===== Extracted information =====

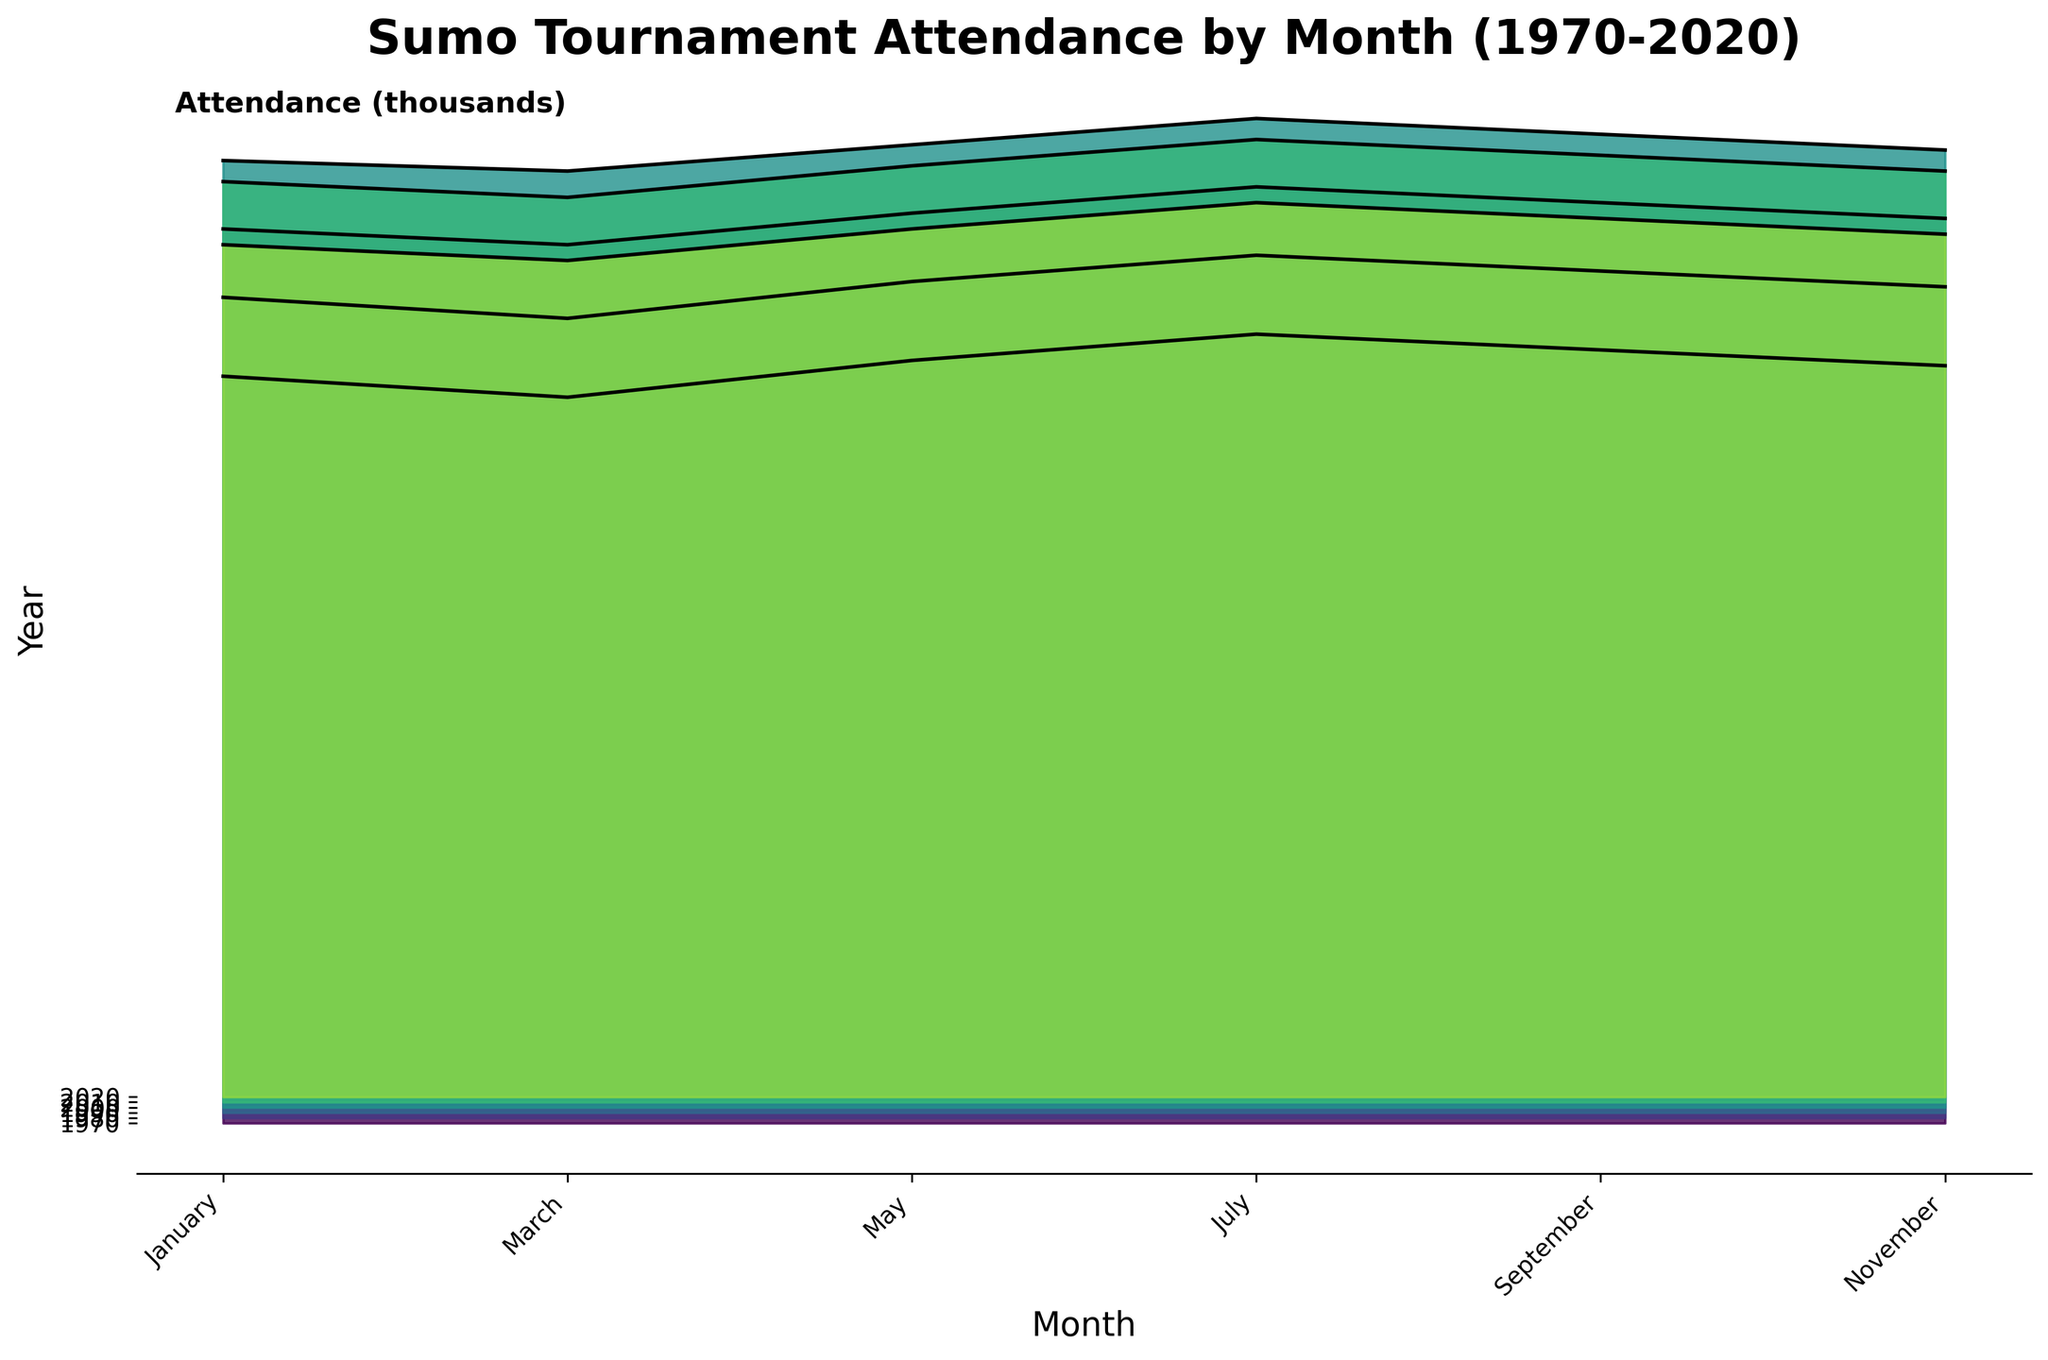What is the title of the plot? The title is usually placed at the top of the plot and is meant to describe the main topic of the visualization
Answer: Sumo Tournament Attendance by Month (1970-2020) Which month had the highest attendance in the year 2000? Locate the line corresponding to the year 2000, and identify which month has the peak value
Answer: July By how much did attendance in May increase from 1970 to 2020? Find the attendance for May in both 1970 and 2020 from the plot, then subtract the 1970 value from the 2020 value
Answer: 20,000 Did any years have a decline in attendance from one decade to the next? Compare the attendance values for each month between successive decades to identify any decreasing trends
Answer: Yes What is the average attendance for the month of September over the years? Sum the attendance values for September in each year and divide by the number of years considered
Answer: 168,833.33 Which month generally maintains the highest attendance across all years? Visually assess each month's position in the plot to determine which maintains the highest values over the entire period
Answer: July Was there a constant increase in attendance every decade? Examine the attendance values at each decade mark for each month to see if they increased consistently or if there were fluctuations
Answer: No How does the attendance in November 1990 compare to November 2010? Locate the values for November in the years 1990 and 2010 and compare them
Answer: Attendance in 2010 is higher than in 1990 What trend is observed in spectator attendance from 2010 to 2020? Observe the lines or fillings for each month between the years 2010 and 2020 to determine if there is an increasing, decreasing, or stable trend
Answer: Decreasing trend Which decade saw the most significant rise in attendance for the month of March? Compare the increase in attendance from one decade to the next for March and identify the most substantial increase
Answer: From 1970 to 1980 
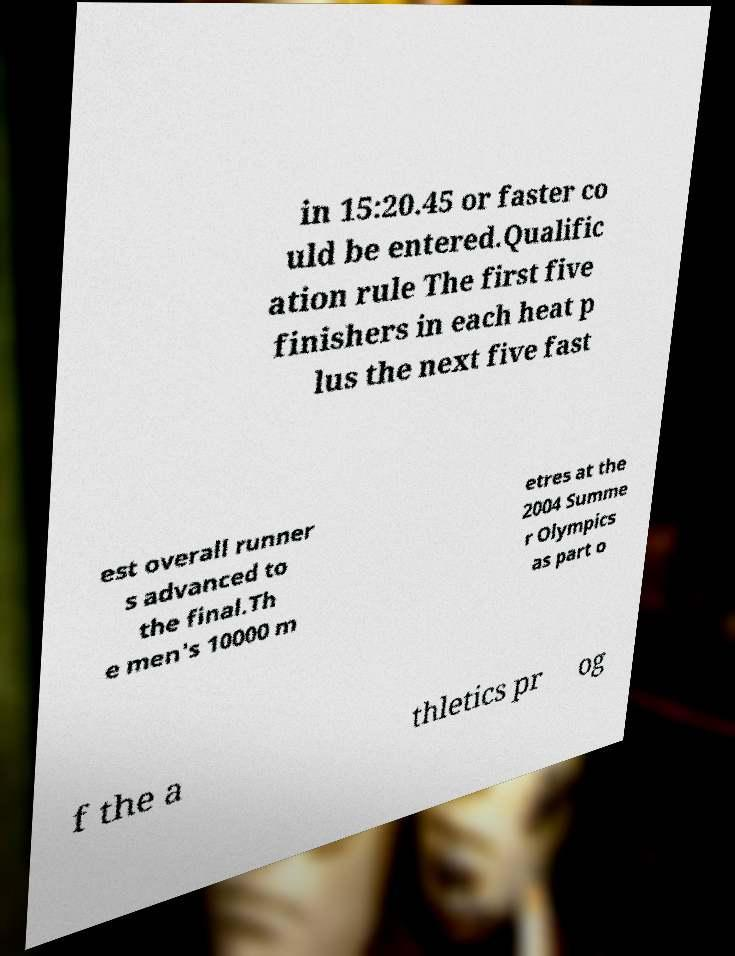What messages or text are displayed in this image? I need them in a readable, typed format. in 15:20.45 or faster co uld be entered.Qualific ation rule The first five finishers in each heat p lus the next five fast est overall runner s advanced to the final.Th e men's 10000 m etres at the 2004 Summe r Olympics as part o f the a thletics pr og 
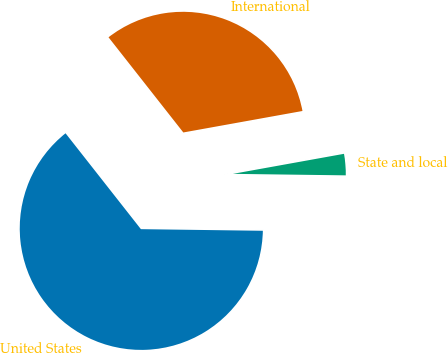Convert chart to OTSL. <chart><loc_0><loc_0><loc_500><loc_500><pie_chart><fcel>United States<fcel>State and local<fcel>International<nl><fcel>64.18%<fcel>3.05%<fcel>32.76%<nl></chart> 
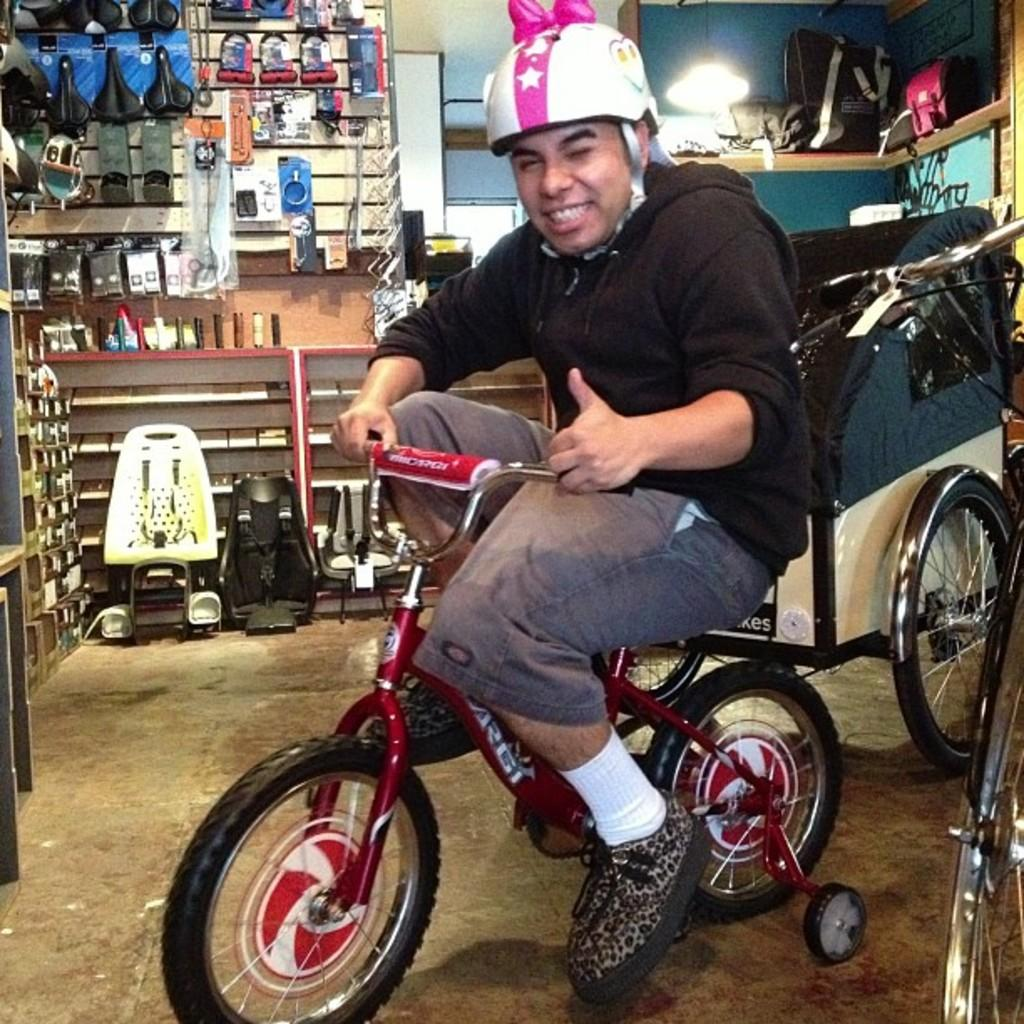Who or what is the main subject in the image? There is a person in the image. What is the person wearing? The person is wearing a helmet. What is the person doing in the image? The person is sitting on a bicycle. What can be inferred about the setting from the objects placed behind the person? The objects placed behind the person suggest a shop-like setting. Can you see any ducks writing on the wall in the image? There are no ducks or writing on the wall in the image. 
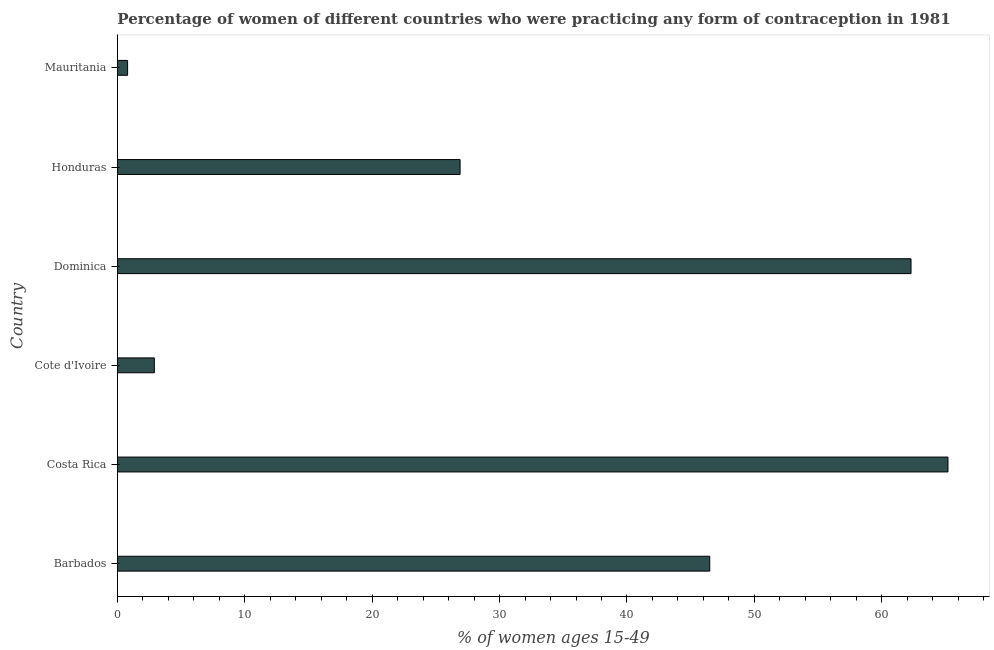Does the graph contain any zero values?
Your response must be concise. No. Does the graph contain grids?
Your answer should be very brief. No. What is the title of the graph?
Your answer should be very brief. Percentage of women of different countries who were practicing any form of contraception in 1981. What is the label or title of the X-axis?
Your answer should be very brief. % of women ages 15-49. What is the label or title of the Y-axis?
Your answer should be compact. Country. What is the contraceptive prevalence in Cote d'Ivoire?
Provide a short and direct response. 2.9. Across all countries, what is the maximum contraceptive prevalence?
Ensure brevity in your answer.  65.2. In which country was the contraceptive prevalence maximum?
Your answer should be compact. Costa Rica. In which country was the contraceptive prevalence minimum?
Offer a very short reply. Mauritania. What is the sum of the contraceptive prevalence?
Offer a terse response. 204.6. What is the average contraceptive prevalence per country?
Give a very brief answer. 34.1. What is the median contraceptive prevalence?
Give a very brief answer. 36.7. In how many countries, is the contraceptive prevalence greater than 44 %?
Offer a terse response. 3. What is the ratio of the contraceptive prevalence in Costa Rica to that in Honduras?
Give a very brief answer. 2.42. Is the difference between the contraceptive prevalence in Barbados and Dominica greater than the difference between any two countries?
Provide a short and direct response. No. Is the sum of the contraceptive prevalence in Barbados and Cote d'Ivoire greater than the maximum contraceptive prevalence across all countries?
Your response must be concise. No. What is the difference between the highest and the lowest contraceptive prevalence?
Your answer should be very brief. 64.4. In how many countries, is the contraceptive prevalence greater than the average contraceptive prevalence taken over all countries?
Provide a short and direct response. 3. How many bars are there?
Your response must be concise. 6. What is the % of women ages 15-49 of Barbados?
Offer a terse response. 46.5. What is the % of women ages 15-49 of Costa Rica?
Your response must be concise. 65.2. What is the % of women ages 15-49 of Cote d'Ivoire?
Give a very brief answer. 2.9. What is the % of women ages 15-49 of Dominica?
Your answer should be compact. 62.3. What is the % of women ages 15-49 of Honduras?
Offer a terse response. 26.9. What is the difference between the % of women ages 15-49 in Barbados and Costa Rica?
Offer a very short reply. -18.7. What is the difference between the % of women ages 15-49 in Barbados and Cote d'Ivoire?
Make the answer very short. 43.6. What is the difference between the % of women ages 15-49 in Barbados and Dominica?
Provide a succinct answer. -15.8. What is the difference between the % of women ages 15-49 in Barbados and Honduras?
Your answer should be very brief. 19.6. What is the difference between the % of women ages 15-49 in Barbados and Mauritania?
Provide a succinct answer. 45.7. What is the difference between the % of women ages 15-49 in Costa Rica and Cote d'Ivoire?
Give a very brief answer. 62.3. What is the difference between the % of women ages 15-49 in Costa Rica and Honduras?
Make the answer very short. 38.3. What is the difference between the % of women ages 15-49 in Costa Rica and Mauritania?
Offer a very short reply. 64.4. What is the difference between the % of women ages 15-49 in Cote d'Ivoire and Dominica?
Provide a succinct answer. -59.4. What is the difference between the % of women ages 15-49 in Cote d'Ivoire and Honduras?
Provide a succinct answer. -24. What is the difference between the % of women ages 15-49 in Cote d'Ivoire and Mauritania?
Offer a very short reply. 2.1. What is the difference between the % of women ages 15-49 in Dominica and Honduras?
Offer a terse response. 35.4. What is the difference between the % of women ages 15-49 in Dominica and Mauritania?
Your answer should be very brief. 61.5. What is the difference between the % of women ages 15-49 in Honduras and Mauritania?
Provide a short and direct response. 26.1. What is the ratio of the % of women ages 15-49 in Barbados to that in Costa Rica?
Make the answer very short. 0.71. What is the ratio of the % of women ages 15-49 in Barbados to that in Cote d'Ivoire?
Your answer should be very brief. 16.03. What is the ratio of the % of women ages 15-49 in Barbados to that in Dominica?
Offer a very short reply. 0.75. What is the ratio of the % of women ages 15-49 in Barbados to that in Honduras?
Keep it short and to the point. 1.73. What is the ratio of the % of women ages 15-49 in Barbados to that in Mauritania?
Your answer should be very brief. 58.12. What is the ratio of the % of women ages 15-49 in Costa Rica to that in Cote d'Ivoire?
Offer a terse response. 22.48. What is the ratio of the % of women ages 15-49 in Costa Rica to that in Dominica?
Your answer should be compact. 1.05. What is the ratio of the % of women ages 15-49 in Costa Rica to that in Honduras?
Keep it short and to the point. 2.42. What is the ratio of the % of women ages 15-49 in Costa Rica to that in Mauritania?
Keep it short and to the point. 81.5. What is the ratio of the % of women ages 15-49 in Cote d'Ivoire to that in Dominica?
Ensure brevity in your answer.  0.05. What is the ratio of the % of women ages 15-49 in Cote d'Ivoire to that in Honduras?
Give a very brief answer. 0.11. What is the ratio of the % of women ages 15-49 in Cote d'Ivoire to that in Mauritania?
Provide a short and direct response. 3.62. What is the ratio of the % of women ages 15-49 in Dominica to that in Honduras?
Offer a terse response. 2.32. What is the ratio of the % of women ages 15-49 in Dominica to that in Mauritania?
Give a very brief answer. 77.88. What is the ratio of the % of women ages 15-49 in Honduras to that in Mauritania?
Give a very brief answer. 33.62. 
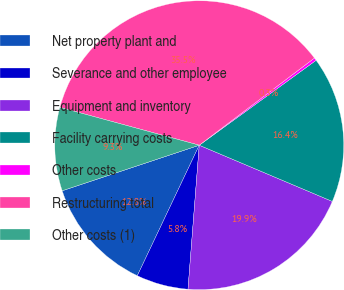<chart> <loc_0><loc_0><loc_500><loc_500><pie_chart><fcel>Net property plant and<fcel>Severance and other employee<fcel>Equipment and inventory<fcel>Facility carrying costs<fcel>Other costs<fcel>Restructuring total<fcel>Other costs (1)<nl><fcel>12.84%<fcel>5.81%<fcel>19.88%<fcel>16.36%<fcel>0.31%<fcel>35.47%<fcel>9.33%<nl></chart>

=====

What is required
Beginning with the line that bears "Your answer should be compact. 1.05.", output each line through the last line of the listing exactly, and no others; skip the pictures.

Task output
Your answer should be compact. 1.05. What is the ratio of the % of women ages 15-49 in Costa Rica to that in Honduras?
Keep it short and to the point. 2.42. What is the ratio of the % of women ages 15-49 in Costa Rica to that in Mauritania?
Keep it short and to the point. 81.5. What is the ratio of the % of women ages 15-49 in Cote d'Ivoire to that in Dominica?
Ensure brevity in your answer.  0.05. What is the ratio of the % of women ages 15-49 in Cote d'Ivoire to that in Honduras?
Give a very brief answer. 0.11. What is the ratio of the % of women ages 15-49 in Cote d'Ivoire to that in Mauritania?
Provide a short and direct response. 3.62. What is the ratio of the % of women ages 15-49 in Dominica to that in Honduras?
Offer a terse response. 2.32. What is the ratio of the % of women ages 15-49 in Dominica to that in Mauritania?
Give a very brief answer. 77.88. What is the ratio of the % of women ages 15-49 in Honduras to that in Mauritania?
Give a very brief answer. 33.62. 
<chart> <loc_0><loc_0><loc_500><loc_500><pie_chart><fcel>Net property plant and<fcel>Severance and other employee<fcel>Equipment and inventory<fcel>Facility carrying costs<fcel>Other costs<fcel>Restructuring total<fcel>Other costs (1)<nl><fcel>12.84%<fcel>5.81%<fcel>19.88%<fcel>16.36%<fcel>0.31%<fcel>35.47%<fcel>9.33%<nl></chart>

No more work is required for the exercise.